Reducing the Large Set Threshold for Oertel's Conjecture on the Mixed-Integer Volume

TL;DR

This paper improves the understanding of Oertel's conjecture for mixed-integer convex sets by reducing the size threshold needed for the conjecture to hold, from exponential to polynomial in the dimension.

Contribution

It introduces a geometric approach that significantly lowers the size threshold for the conjecture, expanding the class of sets where it applies.

Findings

Threshold reduced from exponential to polynomial in dimension

Broader class of mixed-integer convex sets satisfy the conjecture

Enhanced geometric methods for analyzing convex sets

Abstract

In 1960, Gr\"{u}nbaum proved that for any convex body $C\subset\mathbb{R}^d$ and every halfspace $H$ containing the centroid of $C$, one has that the volume of $H\cap C$ is at least a $\frac{1}{e}$-fraction of the volume of $C$. Recently, in 2014, Oertel conjectured that a similar result holds for mixed-integer convex sets. Concretely, he proposed that for any convex body $C\subset \mathbb{R}^{n+d}$, there should exist a point $\mathbf{x} \in S=C\cap(\mathbb{Z}^{n}\times\mathbb{R}^d)$ such that for every halfspace $H$ containing $\mathbf{x}$, one has that \[ \mathcal{H}_d(H\cap S) \geq \frac{1}{2^n}\frac{1}{e}\mathcal{H}_d(S), \] where $\mathcal{H}_d$ denotes the $d$-dimensional Hausdorff measure. While the conjecture remains open, Basu and Oertel proved in 2017 that the above inequality holds true for sufficiently large sets, in terms of a measure known as the \emph{lattice width} of a set.

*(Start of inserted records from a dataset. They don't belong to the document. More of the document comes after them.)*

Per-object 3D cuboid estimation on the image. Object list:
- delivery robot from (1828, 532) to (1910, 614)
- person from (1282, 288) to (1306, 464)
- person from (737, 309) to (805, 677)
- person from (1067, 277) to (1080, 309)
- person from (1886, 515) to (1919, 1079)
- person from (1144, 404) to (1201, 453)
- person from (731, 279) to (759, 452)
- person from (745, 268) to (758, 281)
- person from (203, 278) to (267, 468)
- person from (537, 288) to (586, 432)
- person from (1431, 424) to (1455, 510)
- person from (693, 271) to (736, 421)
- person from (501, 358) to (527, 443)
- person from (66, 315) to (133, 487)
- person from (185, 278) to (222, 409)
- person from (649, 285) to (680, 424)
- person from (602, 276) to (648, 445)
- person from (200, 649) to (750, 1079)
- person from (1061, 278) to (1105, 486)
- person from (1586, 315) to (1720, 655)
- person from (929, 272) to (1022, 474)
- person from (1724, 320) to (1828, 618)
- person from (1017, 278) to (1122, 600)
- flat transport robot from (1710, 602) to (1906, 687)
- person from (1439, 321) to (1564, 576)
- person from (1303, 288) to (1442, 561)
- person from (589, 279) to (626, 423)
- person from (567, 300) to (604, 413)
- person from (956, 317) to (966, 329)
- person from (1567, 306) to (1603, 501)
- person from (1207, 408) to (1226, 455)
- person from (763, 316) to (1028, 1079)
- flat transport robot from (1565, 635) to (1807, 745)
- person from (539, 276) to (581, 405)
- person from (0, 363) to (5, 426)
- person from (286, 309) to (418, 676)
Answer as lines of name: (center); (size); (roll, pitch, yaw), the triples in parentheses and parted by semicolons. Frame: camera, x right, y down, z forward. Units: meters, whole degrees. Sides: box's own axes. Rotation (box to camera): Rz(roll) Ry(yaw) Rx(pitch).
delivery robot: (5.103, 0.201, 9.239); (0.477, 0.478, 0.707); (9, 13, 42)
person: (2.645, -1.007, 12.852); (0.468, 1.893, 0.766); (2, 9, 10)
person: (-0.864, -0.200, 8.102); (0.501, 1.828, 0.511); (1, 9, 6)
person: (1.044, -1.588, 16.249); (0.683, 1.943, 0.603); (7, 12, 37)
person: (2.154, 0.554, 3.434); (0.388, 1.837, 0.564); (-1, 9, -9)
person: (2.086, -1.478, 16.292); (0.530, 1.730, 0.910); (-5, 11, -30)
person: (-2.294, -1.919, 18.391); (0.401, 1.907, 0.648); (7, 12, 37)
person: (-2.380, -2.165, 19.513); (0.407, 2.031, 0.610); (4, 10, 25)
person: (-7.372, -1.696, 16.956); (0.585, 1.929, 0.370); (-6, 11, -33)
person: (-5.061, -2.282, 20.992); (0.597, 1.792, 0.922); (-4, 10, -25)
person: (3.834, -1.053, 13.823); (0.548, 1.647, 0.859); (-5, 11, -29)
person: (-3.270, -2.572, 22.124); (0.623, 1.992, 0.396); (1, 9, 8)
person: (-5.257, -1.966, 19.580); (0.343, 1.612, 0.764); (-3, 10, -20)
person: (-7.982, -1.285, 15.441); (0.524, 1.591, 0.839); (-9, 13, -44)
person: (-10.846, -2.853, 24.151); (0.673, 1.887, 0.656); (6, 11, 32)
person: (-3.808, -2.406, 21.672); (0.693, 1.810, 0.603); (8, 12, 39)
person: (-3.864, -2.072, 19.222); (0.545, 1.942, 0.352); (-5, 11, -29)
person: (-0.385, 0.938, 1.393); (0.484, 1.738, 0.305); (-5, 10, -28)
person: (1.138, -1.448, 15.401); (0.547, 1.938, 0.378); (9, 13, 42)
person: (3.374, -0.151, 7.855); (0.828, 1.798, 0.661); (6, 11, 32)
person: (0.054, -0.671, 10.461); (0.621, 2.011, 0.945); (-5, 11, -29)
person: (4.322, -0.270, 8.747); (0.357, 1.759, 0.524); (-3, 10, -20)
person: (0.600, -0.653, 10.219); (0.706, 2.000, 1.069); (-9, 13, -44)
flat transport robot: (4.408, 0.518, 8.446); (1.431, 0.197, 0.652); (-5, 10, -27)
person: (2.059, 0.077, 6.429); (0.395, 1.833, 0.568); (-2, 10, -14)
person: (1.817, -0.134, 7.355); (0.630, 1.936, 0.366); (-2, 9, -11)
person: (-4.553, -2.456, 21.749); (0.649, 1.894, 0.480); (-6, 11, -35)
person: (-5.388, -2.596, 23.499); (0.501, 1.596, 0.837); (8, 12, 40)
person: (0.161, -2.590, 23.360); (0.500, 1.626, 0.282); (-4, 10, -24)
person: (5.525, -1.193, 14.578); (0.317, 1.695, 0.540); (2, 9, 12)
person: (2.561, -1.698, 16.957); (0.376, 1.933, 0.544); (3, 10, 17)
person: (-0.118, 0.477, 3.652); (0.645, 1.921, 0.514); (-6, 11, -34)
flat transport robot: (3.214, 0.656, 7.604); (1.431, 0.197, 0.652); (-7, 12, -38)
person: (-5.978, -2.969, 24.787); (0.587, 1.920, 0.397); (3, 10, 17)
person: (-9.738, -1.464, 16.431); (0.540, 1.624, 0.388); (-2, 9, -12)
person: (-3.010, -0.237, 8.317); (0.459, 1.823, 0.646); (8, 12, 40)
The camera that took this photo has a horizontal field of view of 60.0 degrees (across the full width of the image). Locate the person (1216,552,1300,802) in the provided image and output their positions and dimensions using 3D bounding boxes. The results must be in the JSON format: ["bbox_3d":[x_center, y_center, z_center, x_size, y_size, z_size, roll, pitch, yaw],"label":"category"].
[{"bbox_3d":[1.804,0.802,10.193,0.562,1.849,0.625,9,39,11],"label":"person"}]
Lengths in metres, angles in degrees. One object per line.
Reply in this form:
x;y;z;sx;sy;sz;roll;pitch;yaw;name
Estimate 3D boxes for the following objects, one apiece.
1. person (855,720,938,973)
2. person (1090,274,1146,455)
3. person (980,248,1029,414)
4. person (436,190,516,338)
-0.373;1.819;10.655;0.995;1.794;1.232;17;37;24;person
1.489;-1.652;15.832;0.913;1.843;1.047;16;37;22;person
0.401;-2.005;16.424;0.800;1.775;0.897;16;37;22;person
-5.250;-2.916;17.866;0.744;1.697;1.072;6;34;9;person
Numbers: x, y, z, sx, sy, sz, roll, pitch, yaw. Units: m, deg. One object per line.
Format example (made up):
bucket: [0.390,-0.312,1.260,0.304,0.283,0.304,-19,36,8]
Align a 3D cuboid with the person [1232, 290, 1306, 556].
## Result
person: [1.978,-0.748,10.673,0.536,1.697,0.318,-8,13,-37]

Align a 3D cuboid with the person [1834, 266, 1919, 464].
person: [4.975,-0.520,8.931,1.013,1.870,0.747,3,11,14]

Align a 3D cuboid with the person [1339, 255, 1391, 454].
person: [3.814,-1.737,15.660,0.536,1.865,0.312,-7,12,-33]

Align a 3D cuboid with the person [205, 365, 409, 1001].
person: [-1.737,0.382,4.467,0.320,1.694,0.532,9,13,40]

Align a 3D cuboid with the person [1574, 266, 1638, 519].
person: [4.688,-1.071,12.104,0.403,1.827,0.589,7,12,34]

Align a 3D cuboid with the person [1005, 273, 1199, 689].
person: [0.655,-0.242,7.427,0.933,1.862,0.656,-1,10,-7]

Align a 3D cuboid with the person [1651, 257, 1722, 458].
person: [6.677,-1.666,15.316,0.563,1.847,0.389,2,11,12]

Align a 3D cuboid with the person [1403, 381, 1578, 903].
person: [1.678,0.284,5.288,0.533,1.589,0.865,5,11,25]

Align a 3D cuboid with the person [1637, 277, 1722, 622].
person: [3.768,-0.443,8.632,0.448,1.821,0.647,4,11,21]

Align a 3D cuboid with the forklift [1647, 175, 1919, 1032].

In this work, by following a geometric approach, we improve this result by substantially reducing the threshold at which a set can be considered large. We reduce this threshold from an exponential to a polynomial dependency on the dimension, therefore significantly enlarging the family of mixed-integer convex sets over which Oertel's conjecture holds true.